◆ What you should do:
Your response should give back each record exactly, word for word.

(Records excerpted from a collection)
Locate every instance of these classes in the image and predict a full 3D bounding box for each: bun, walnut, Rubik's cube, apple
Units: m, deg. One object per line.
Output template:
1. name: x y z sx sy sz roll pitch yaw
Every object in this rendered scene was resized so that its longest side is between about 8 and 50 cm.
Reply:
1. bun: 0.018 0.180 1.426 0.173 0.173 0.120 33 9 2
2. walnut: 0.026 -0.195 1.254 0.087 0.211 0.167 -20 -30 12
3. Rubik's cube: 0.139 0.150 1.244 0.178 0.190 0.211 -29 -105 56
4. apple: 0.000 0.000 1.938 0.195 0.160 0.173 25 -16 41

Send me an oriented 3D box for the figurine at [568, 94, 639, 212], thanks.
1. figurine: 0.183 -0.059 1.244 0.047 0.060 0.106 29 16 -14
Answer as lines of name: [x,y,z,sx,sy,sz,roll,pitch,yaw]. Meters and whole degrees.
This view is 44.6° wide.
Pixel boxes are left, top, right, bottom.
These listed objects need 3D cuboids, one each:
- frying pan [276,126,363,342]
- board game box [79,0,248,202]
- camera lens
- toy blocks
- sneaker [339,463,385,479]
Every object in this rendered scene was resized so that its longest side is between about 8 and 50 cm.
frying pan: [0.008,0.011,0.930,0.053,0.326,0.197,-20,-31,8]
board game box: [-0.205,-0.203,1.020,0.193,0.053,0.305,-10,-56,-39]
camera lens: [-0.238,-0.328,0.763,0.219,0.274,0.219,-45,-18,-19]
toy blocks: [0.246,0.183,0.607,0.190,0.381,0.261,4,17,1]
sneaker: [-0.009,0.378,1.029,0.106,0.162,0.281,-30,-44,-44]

◆ Answer to the exercise:
Locate every instance of these classes in the image and predict a full 3D bounding box for each: bun, walnut, Rubik's cube, apple
Units: m, deg. One object per line.
Output template:
1. name: x y z sx sy sz roll pitch yaw
Every object in this rendered scene was resized so that its longest side is between about 8 and 50 cm.
Reply:
1. bun: 0.018 0.180 1.426 0.173 0.173 0.120 33 9 2
2. walnut: 0.026 -0.195 1.254 0.087 0.211 0.167 -20 -30 12
3. Rubik's cube: 0.139 0.150 1.244 0.178 0.190 0.211 -29 -105 56
4. apple: 0.000 0.000 1.938 0.195 0.160 0.173 25 -16 41

Send me an oriented 3D box for the figurine at [568, 94, 639, 212], thanks.
1. figurine: 0.183 -0.059 1.244 0.047 0.060 0.106 29 16 -14
Answer as lines of name: [x,y,z,sx,sy,sz,roll,pitch,yaw]. Meters and whole degrees.
This view is 44.6° wide.
Pixel boxes are left, top, right, bottom.
These listed objects need 3D cuboids, one each:
- frying pan [276,126,363,342]
- board game box [79,0,248,202]
- camera lens
- toy blocks
- sneaker [339,463,385,479]
Every object in this rendered scene was resized so that its longest side is between about 8 and 50 cm.
frying pan: [0.008,0.011,0.930,0.053,0.326,0.197,-20,-31,8]
board game box: [-0.205,-0.203,1.020,0.193,0.053,0.305,-10,-56,-39]
camera lens: [-0.238,-0.328,0.763,0.219,0.274,0.219,-45,-18,-19]
toy blocks: [0.246,0.183,0.607,0.190,0.381,0.261,4,17,1]
sneaker: [-0.009,0.378,1.029,0.106,0.162,0.281,-30,-44,-44]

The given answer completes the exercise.